O livro infantil que virou febre e o que ele realmente ensina
Em 2019, Fábio Laranjeira publicou "O Menino que Não Tinha Celular" pela editora Saraiva. O livro chegou ao topo das listas de mais vendidos no Brasil em poucas semanas e continua sendo discutido em grupos de pais e educadores até hoje. A premissa é simples: um garoto chamado Miguel nasce em uma família tão conectada que, quando ele cresce, descobre que nunca teve um celular. A história acompanha essa descoberta e o que acontece quando uma criança da geração digital se depara com o mundo sem telas.
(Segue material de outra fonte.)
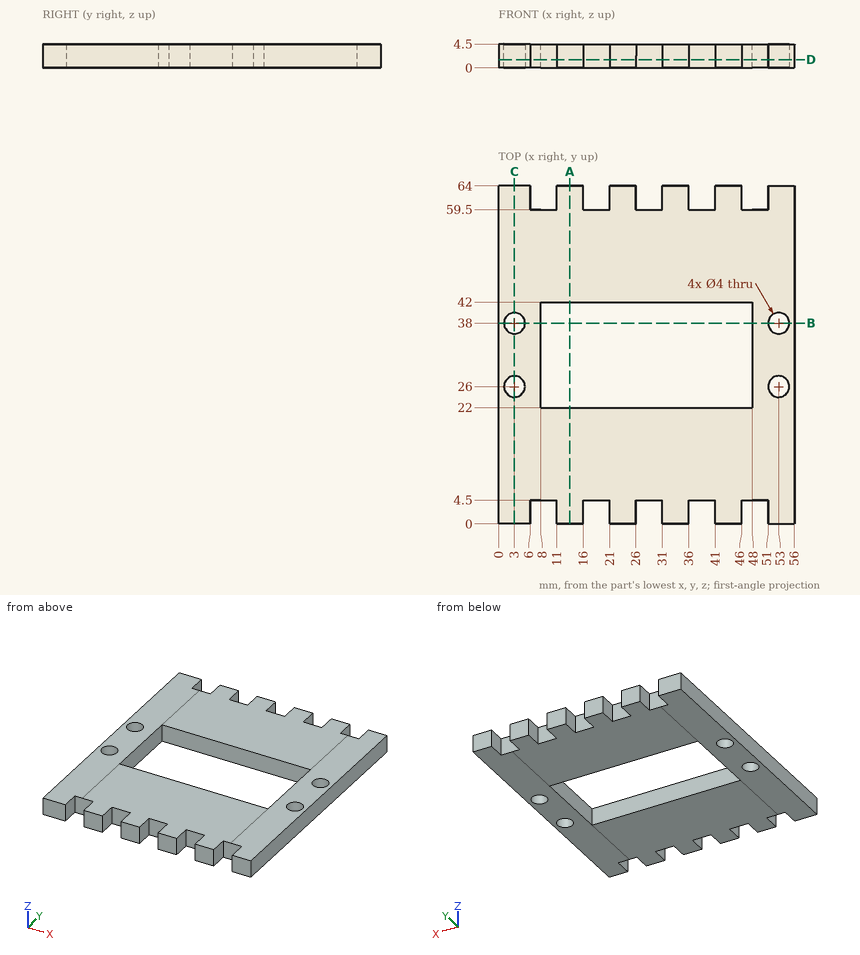
The drawing under review shows one solid part. Ordinate dimensions are in mm from its lowest x, y, z. Give positions to 0.01 mm unless a question says otherwise; leave off trailing zeros. Write each loop counter-clockwise with the first axis right and the second up, starting at its lowest first coordinate (ties: lowest second). Pieces come first, ordered by that corner, then holes. Notation, with made-up numbers: (28.5, -8.75) - (82.5, -8.75) arc R17 ccw to (82.5, 14.25) - close; hole circle Ø5 at (-4.5, 76). An arc over 180 degrees is marked (long way). Answer in a Markdown table with one row per item. Add a question column.
1. Insertion check: P1, Ø2.5, axis at x = 48.5, z = 3, coming from the +Y side. The pin has a flat end and moves straight along its axis. Give the tip position at first contact, or say it passes through.
2. We need section B-B on y = 38. Write out the cut boundary in (x, z), then the cut area to 3 significant figures.
3. We need section A-A on x = 13.5. Write out the cut boundary in (y, z), then the cut area to 3 significant figures.
4. We need section D-D on z = 1.55. State how many separate pieces and enclosed holes the cut face has, then the cut area to 3 significant figures.
5. Wall thickness on line 1 along Y through (x, z) = (53, 3.5); line 2 along X through (y, z) = (4, 0.25); line 3 along X through (y, z) = (39, 3.3): over which ranges is each line inside the solid? List them lowest first. Write a range as [from, to].
6. We need section C-C on x = 3. Write out the cut boundary in (y, z), then the cut area to 3 significant figures.
Ans:
| question | item | result |
|---|---|---|
| 1 | P1 | stops at y = 59.5 |
| 2 | outline | (0, 0) - (1, 0) - (1, 4.5) - (0, 4.5) - close; (5, 0) - (8, 0) - (8, 4.5) - (5, 4.5) - close; (48, 0) - (51, 0) - (51, 4.5) - (48, 4.5) - close; (55, 0) - (56, 0) - (56, 4.5) - (55, 4.5) - close |
| 2 | area | 36.0 mm^2 |
| 3 | outline | (0, 0) - (22, 0) - (22, 4.5) - (0, 4.5) - close; (42, 0) - (64, 0) - (64, 4.5) - (42, 4.5) - close |
| 3 | area | 198 mm^2 |
| 4 | separate pieces | 1 |
| 4 | enclosed holes | 5 |
| 4 | area | 2,510 mm^2 |
| 5 | line 1 | y = [0, 24], [28, 36], [40, 64] |
| 5 | line 2 | x = [0, 6], [11, 16], [21, 26], [31, 36], [41, 46], [51, 56] |
| 5 | line 3 | x = [0, 1.27], [4.73, 8], [48, 51.27], [54.73, 56] |
| 6 | outline | (0, 0) - (24, 0) - (24, 4.5) - (0, 4.5) - close; (28, 0) - (36, 0) - (36, 4.5) - (28, 4.5) - close; (40, 0) - (64, 0) - (64, 4.5) - (40, 4.5) - close |
| 6 | area | 252 mm^2 |
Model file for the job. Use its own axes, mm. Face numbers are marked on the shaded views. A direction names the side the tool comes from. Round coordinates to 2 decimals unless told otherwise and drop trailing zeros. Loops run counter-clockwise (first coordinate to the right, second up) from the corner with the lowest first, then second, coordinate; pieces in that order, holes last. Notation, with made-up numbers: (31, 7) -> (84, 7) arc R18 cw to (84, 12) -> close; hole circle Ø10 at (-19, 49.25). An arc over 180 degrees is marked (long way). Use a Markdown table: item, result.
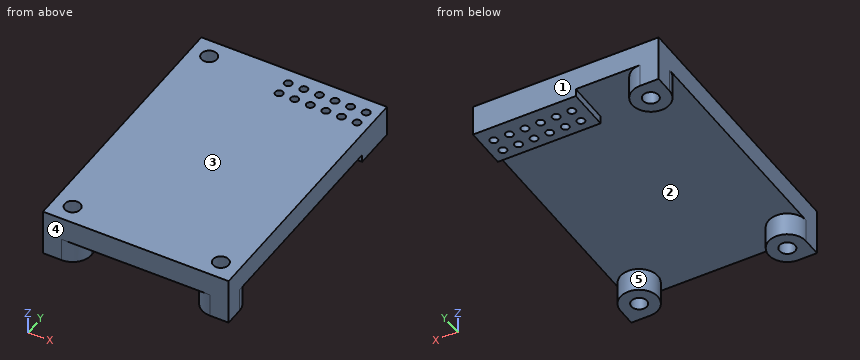
from build123d import *

# Parameters (mm, degrees)
F0_W     = 23.8
F0_H     = 34.8
F0_R     = 1
F0_R_2   = 0.5
F1_DEPTH = 3
F2_W     = 13.1776794076
F2_H     = 5.4540345015
F2_R     = 0.5
F3_DEPTH = 4
F2_R_2   = 1
F4_DEPTH = 6


with BuildPart() as f1:
    # F0 (on Top) → F1 (new body)
    with BuildSketch(Plane.XY):
        with Locations((9.116370061, -14.1891674453)):
            Rectangle(F0_W, F0_H)
        with Locations((-0.383629939, -29.1891674453)):
            Circle(F0_R, mode=Mode.SUBTRACT)
        with Locations((18.616370061, -29.1891674453)):
            Circle(F0_R, mode=Mode.SUBTRACT)
        with Locations((-0.383629939, 0.8108325547)):
            Circle(F0_R, mode=Mode.SUBTRACT)
        with Locations((9.516370061, -0.7891674453)):
            Circle(F0_R_2, mode=Mode.SUBTRACT)
        with Locations((11.516370061, -0.7891674453)):
            Circle(F0_R_2, mode=Mode.SUBTRACT)
        with Locations((9.516370061, 1.2108325547)):
            Circle(F0_R_2, mode=Mode.SUBTRACT)
        with Locations((11.516370061, 1.2108325547)):
            Circle(F0_R_2, mode=Mode.SUBTRACT)
        with Locations((13.516370061, -0.7891674453)):
            Circle(F0_R_2, mode=Mode.SUBTRACT)
        with Locations((13.516370061, 1.2108325547)):
            Circle(F0_R_2, mode=Mode.SUBTRACT)
        with Locations((15.516370061, -0.7891674453)):
            Circle(F0_R_2, mode=Mode.SUBTRACT)
        with Locations((17.516370061, -0.7891674453)):
            Circle(F0_R_2, mode=Mode.SUBTRACT)
        with Locations((15.516370061, 1.2108325547)):
            Circle(F0_R_2, mode=Mode.SUBTRACT)
        with Locations((17.516370061, 1.2108325547)):
            Circle(F0_R_2, mode=Mode.SUBTRACT)
        with Locations((19.516370061, -0.7891674453)):
            Circle(F0_R_2, mode=Mode.SUBTRACT)
        with Locations((19.516370061, 1.2108325547)):
            Circle(F0_R_2, mode=Mode.SUBTRACT)
    extrude(amount=F1_DEPTH)

    # F2 (on face) → F3 (join)
    with BuildSketch(Plane.XY.offset(3)):
        with Locations((14.4275303572, 0.4838153039)):
            Rectangle(F2_W, F2_H)
        with Locations((9.516370061, -0.7891674453)):
            Circle(F2_R, mode=Mode.SUBTRACT)
        with Locations((11.516370061, -0.7891674453)):
            Circle(F2_R, mode=Mode.SUBTRACT)
        with Locations((9.516370061, 1.2108325547)):
            Circle(F2_R, mode=Mode.SUBTRACT)
        with Locations((11.516370061, 1.2108325547)):
            Circle(F2_R, mode=Mode.SUBTRACT)
        with Locations((13.516370061, -0.7891674453)):
            Circle(F2_R, mode=Mode.SUBTRACT)
        with Locations((13.516370061, 1.2108325547)):
            Circle(F2_R, mode=Mode.SUBTRACT)
        with Locations((15.516370061, -0.7891674453)):
            Circle(F2_R, mode=Mode.SUBTRACT)
        with Locations((17.516370061, -0.7891674453)):
            Circle(F2_R, mode=Mode.SUBTRACT)
        with Locations((15.516370061, 1.2108325547)):
            Circle(F2_R, mode=Mode.SUBTRACT)
        with Locations((17.516370061, 1.2108325547)):
            Circle(F2_R, mode=Mode.SUBTRACT)
        with Locations((19.516370061, -0.7891674453)):
            Circle(F2_R, mode=Mode.SUBTRACT)
        with Locations((19.516370061, 1.2108325547)):
            Circle(F2_R, mode=Mode.SUBTRACT)
    extrude(amount=-F3_DEPTH)

    # F2 (on face) → F4 (join)
    with BuildSketch(Plane.XY.offset(3)):
        with BuildLine():
            ThreePointArc((2.016370061, 0.8108325547), (1.3134263377, 2.5078888278), (-0.383629934, 3.2108325547))
            ThreePointArc((-0.383629934, 3.2108325547), (-2.0806862085, 2.5078888348), (-2.783629939, 0.8108325647))
            ThreePointArc((-2.783629939, 0.8108325647), (-0.383629944, -1.5891674453), (2.016370061, 0.8108325547))
        make_face()
        with Locations((-0.383629939, 0.8108325547)):
            Circle(F2_R_2, mode=Mode.SUBTRACT)
        with BuildLine():
            ThreePointArc((2.016370061, -29.1891674453), (-0.383629939, -26.7891674453), (-2.783629939, -29.1891674453))
            ThreePointArc((-2.783629939, -29.1891674453), (-2.0806862184, -30.8862237155), (-0.383629952, -31.5891674453))
            ThreePointArc((-0.383629952, -31.5891674453), (1.3134263313, -30.8862237248), (2.016370061, -29.1891674453))
        make_face()
        with Locations((-0.383629939, -29.1891674453)):
            Circle(F2_R_2, mode=Mode.SUBTRACT)
        with BuildLine():
            ThreePointArc((18.616370061, -31.5891674453), (20.3134263359, -30.8862237202), (21.016370061, -29.1891674453))
            ThreePointArc((21.016370061, -29.1891674453), (16.9193137862, -27.4921111705), (18.616370061, -31.5891674453))
        make_face()
        with Locations((18.616370061, -29.1891674453)):
            Circle(F2_R_2, mode=Mode.SUBTRACT)
        with BuildLine():
            Line((21.016370061, -31.5891674453), (21.016370061, -29.1891674453))
            ThreePointArc((21.016370061, -29.1891674453), (20.3134263359, -30.8862237202), (18.616370061, -31.5891674453))
            Line((18.616370061, -31.5891674453), (21.016370061, -31.5891674453))
        make_face()
        with BuildLine():
            ThreePointArc((-0.383629952, -31.5891674453), (-2.0806862184, -30.8862237155), (-2.783629939, -29.1891674453))
            Line((-2.783629939, -29.1891674453), (-2.783629939, -31.5891674453))
            Line((-2.783629939, -31.5891674453), (-0.383629952, -31.5891674453))
        make_face()
        with BuildLine():
            ThreePointArc((-2.783629939, 0.8108325647), (-2.0806862085, 2.5078888348), (-0.383629934, 3.2108325547))
            Line((-0.383629934, 3.2108325547), (-2.783629939, 3.2108325547))
            Line((-2.783629939, 3.2108325547), (-2.783629939, 0.8108325647))
        make_face()
    extrude(amount=-F4_DEPTH)


solid = f1.part
Q1. Drill centre lines: L1, parallel to Y at x = 0.5, z = -2.55; L2, parallel to Y at x = 17.75, z = -0.15; L3, parallel to X at y = -28.5, z = 2. Where is each one in solid material? Low to high. Write a range as from..to.
Results list:
| item | result |
|---|---|
| L1 | y = -31.42..-29.66, -28.72..-26.96, -1.42..0.34, 1.28..3.04 |
| L2 | y = -31.43..-29.69, -28.69..-26.95, -2.24..-1.23, -0.35..0.77, 1.65..3.21 |
| L3 | x = -2.78..-1.11, 0.34..17.89, 19.34..21.02 |
Q2. Pull direction Y, two halves, no side cores. Call the marked faces 1, 2 and 3: released by +Y, released by -Y, zero draft, split by the parting line, or undercut.
Results list:
| item | result |
|---|---|
| face 1 | released by +Y |
| face 2 | undercut |
| face 3 | zero draft |
Q3. Band-saw the part on A-A, the plane z = -0.4. Give the number of separate pieces and of enclosed holes in the cut face, plus the area to 3 significant figures.
Results list:
| item | result |
|---|---|
| separate pieces | 4 |
| enclosed holes | 15 |
| area | 111 mm² |
Q4. Band-saw the part on C-C, the plane x = 3.5. Give the cut face in (y, z), plus the area to 3 significant figures.
Results list:
| item | result |
|---|---|
| outline | (-31.59, 0) -> (3.21, 0) -> (3.21, 3) -> (-31.59, 3) -> close |
| area | 104 mm² |
Q5. Band-saw the part on B-B, the plane z = -2. Give the cut face in (x, y).
Results list:
| item | result |
|---|---|
| outline | (-2.78, -31.59) -> (-0.38, -31.59) arc R2.4 ccw (long way) to (-2.78, -29.19) -> close; (-2.78, 0.81) arc R2.4 ccw (long way) to (-0.38, 3.21) -> (-2.78, 3.21) -> close; (18.62, -31.59) -> (21.02, -31.59) -> (21.02, -29.19) arc R2.4 ccw (long way) to start; hole circle Ø2 at (-0.38, -29.19); hole circle Ø2 at (-0.38, 0.81); hole circle Ø2 at (18.62, -29.19) |
Q6. Flat gauge pins, fed straight in: pin 1 (2 mm diameter, centred on x = 14.5, y = -25, fed in from -Z); pin 2 (1.8 mm diameter, centred on x = -0.38, y = -29.19, fed in from +Z); pin 3 (6 mm diameter, centred on x = 13, y = 0.5, fed in from -Z); pin 4 (0.5 mm diameter, centred on x = 13.5, z = -0.5, fed in from -Y). Where does each tip first touch, or does it go through?
Results list:
| item | result |
|---|---|
| pin 1 | stops at z = 0 |
| pin 2 | passes through |
| pin 3 | stops at z = -1 |
| pin 4 | stops at y = -2.24 |
Q7. Tool access for the marked faces 4 and 5: list every direction of +Z, -Z, +X, -X, +Y, -Y with a clear straight run to the whole face (end or side of a thin tool).
Results list:
| item | result |
|---|---|
| face 4 | +Z, -Z, +X, -X, -Y |
| face 5 | -Z |
Autodesk Inventor part; units mm, degrees
ref_plane "YZ Plane" through (0, 0, 0) normal (1, 0, 0) x (0, 1, 0)
ref_plane "XZ Plane" through (0, 0, 0) normal (0, 1, 0) x (-1, 0, 0)
ref_plane "XY Plane" through (0, 0, 0) normal (0, 0, 1) x (1, 0, 0)
sketch "Sketch2" plane through (0, 0, 0) normal (0, 0, 1) x (1, 0, 0)
  line L0 (-16.8, 0) -> (16.8, 0) construction
  line L1 (0, -21) -> (0, 21) construction
  line L2 (-12, -15) -> (12, -15)
  line L3 (12, -15) -> (12, 15)
  line L4 (12, 15) -> (-12, 15)
  line L5 (-12, 15) -> (-12, -15)
  circle A0 centre (7.02, 0) radius 1
  circle A1 centre (4.96389, 4.96389) radius 1
  circle A2 centre (0, 7.02) radius 1
  circle A3 centre (-4.96389, 4.96389) radius 1
  circle A4 centre (-7.02, 0) radius 1
  circle A5 centre (-4.96389, -4.96389) radius 1
  circle A6 centre (0, -7.02) radius 1
  circle A7 centre (4.96389, -4.96389) radius 1
  point P0 (0, 0)
  dimension "d3" = 30
  dimension "d4" = 24
  dimension "d5" = 7.02
  dimension "d6" = 2
  dimension "d9" = 360
extrude "Extrusion1" add sketch "Sketch2" along normal blind 3 contours L5 L4 L3 L2 | A0 | A1 | A2 | A3 | A4 | A5 | A6 | A7
sketch "Sketch1" plane through (0, 0, 0) normal (0, 1, 0) x (-1, 0, 0)
  line L0 (183.866798, 0) -> (-123.200788, 0) construction
  line L1 (-12, 0) -> (12, 0)
  line L2 (12, 0) -> (12, 3)
  line L3 (-12, 3) -> (12, 3)
  line L4 (-12, 0) -> (-12, 3)
  circle A0 centre (30, 12.361524) radius 10
  line L5 (-12, 0) -> (-12, 3)
  line L6 (25.615753, 21.349203) -> (-12, 3)
  line L7 (31.257448, 2.440898) -> (12, 0)
  circle A1 centre (30, 12.361524) radius 3
  dimension "d31" = 20
  dimension "d32" = 6
extrude "Extrusion6" add sketch "Sketch1" along normal blind 4 from surface at -15 contours L2 L3 L6 A0 L7 | A0 | A1
mirror "Mirror1" about plane through (0, 0, 0) normal (0, 1, 0) of "Extrusion6"
extrude "Extrusion7" cut sketch "Sketch2" along normal through all contours A0 | A1 | A2 | A3 | A4 | A5 | A6 | A7
extrude "Extrusion8" add sketch "Sketch1" along normal through all both and the other way through all contours A0 | A1
extrude "Extrusion9" cut sketch "Sketch1" along normal mid plane 9 contours A0 | A1
extrude "Extrusion10" cut sketch "Sketch1" along normal through all both and the other way through all contours A1
properties part number "bridge3"
Work out the finished part from the listing and answer in its coordinate system (mm). A direction names the side the tool comes from. Round coordinates to 2 decimals unless told otherwise and drop trailing zeros. Loops run counter-clockwise (first coordinate to the right, second up) from the corner with the lowest first, then second, coordinate; pieces in that order, holes last. Notation, with made-up numbers: (-8, 17.5) -> (31, 17.5) arc R6 ccw to (31, 27.5) -> close; hole circle Ø6 at (-22, -15.75). An arc over 180 degrees is marked (long way). Write each question's results on one line, items separated by ' | '. Start each with the question number.
1. Section A-A (y = 0) is taken. Determine the outline of the cut face in (x, z), plus the area to 3 significant figures.
2. Given pin 1 Ø2.5 at (x, y) = (-4.96, -4.96) entering from +Z; pin 2 Ø3.5 at (y, z) = (-4.5, 2) entering from -X; pin 3 Ø4 at (y, z) = (-7, 7) entering from -X; pin 4 Ø4 at (y, z) = (-5, 10.5) entering from -X, each flat-ended and moving along its own axis, determine where each tip first touches the part or whether it passes through.
3. A tool of negligible diameter and unlimited length cuts with its end or side. For faces 3 (the face through (-12, 0, 1)), 4 (the face through (-6.545, 13.028, 12.046)), from which of +Z, -Z, +X, -X, +Y, -Y can it reach the whole face along a straight path? Write none if from no direction.
4. Section D-D (y = 9.5) is taken. Determine the outline of the cut face in (x, z).
5. Section C-C (x = -29.5) is taken. Determine the outline of the cut face in (y, z).
6. Find the intervals of material crossed by probe 1 along Y at (x, z) = (-23, 12.5); probe 2 along Y at (x, z) = (4.5, 2.5); probe 3 along X at (y, z) = (7.02, 1.7), in increasing order. Write a range as from..to.
7. For a pull along Y with two mould halves and no side action, classify faces 1 (the face through (-21.494, 13.028, 1.203)), 2 (the face through (0, 0, 3)) as +Y half, -Y half, draft (parallel to the pull), parting line (faces both ways), or undercut.
8. Section B-B (y = -7.02) is taken. Determine the outline of the cut face in (x, z).
Evaluation:
1) outline: (-12, 0) -> (-8.02, 0) -> (-8.02, 3) -> (-12, 3) -> close; (-6.02, 0) -> (6.02, 0) -> (6.02, 3) -> (-6.02, 3) -> close; (8.02, 0) -> (12, 0) -> (12, 3) -> (8.02, 3) -> close | area: 60.0 mm2
2) pin 1: stops at z = 3 | pin 2: stops at x = -35.08 | pin 3: stops at x = -39.42 | pin 4: stops at x = -40
3) face 3: +Z, -Z | face 4: +Z, +X, +Y, -Y
4) outline: circle Ø20 at (-30, 12.36); (-12, 0) -> (12, 0) -> (12, 3) -> (-12, 3) -> close; hole circle Ø6 at (-30, 12.36)
5) outline: (-15, 2.22) -> (-11, 2.22) -> (-11, 2.37) -> (-4.5, 2.37) -> (-4.5, 9.4) -> (-15, 9.4) -> close; (-15, 15.32) -> (-4.5, 15.32) -> (-4.5, 22.35) -> (-15, 22.35) -> close; (4.5, 2.37) -> (11, 2.37) -> (11, 2.22) -> (15, 2.22) -> (15, 9.4) -> (4.5, 9.4) -> close; (4.5, 15.32) -> (15, 15.32) -> (15, 22.35) -> (4.5, 22.35) -> close
6) probe 1: y = -15..-4.5, 4.5..15 | probe 2: y = -15..-5.85, -4.08..4.08, 5.85..15 | probe 3: x = -12..-1, 1..12
7) face 1: draft | face 2: undercut
8) outline: circle Ø20 at (-30, 12.36); (-12, 0) -> (-1, 0) -> (-1, 3) -> (-12, 3) -> close; (1, 0) -> (12, 0) -> (12, 3) -> (1, 3) -> close; hole circle Ø6 at (-30, 12.36)

Por que o menino que não tinha celular causou tanto barulho
O fenômeno do livro não foi apenas comercial. Ele tocava num ponto sensível da classe média brasileira do final dos anos 2010. Pais sentavam em grupos de WhatsApp perguntando se estavam fazendo certo ao limitarem o tempo de tela dos filhos. Professores relatavam que alunos não sabiam identificar árvores comuns. O livro virou referência exatamente porque funcionava como um espelho para uma geração de adultos com medo de que a tecnologia estivesse roubando a infância. Achei curioso quando li pela primeira vez. Meu sobrinho tinha cinco anos e decorava todos os nomes de apps antes de saber o que era uma formiga. Quando mostramos o livro pra ele, ele pediu pra gente ler de novo na mesma tarde. A reação mais comum que observei foi essa: crianças que nunca tiveram restrição tecnológica pareciam entender a história melhor do que os adultos que a escolheram.
O texto usa uma estrutura repetitiva proposital. Cada capítulo mostra Miguel descobrindo algo que as outras crianças consideram banal — correr sem pressa, brincar com terra, olhar o céu sem fotografar. A repetição não é falha de escrita. É técnica narrativa intencional que reforça a ideia central: a normalidade de uma geração é construía por hábito, não por necessidade biológica.
Como usar o livro na prática
Se você está procurando o livro físico, ele está disponível em livrarias como Saraiva, Cultura e Amazon Brasil. A edição de capa dura sai em torno de R$49,90. A versão digital existe na plataforma Kindle e também foi lançada como audiolivro na Spotify, narrado pelo próprio autor, o que adiciona uma camada extra de qualidade para quem prefere ouvir. O uso mais efetivo que vi acontece quando o livro não é lido isoladamente. Conversei com uma educadora em São Paulo que aplicava uma atividade após a leitura: pedia que as crianças desenhassem uma coisa que Miguel descobriu e depois comparassem com algo que elas já conheciam. Em quatro semanas, a participação nas rodas de conversa aumentou significativamente. Nada revolucionário, mas o dado era visível.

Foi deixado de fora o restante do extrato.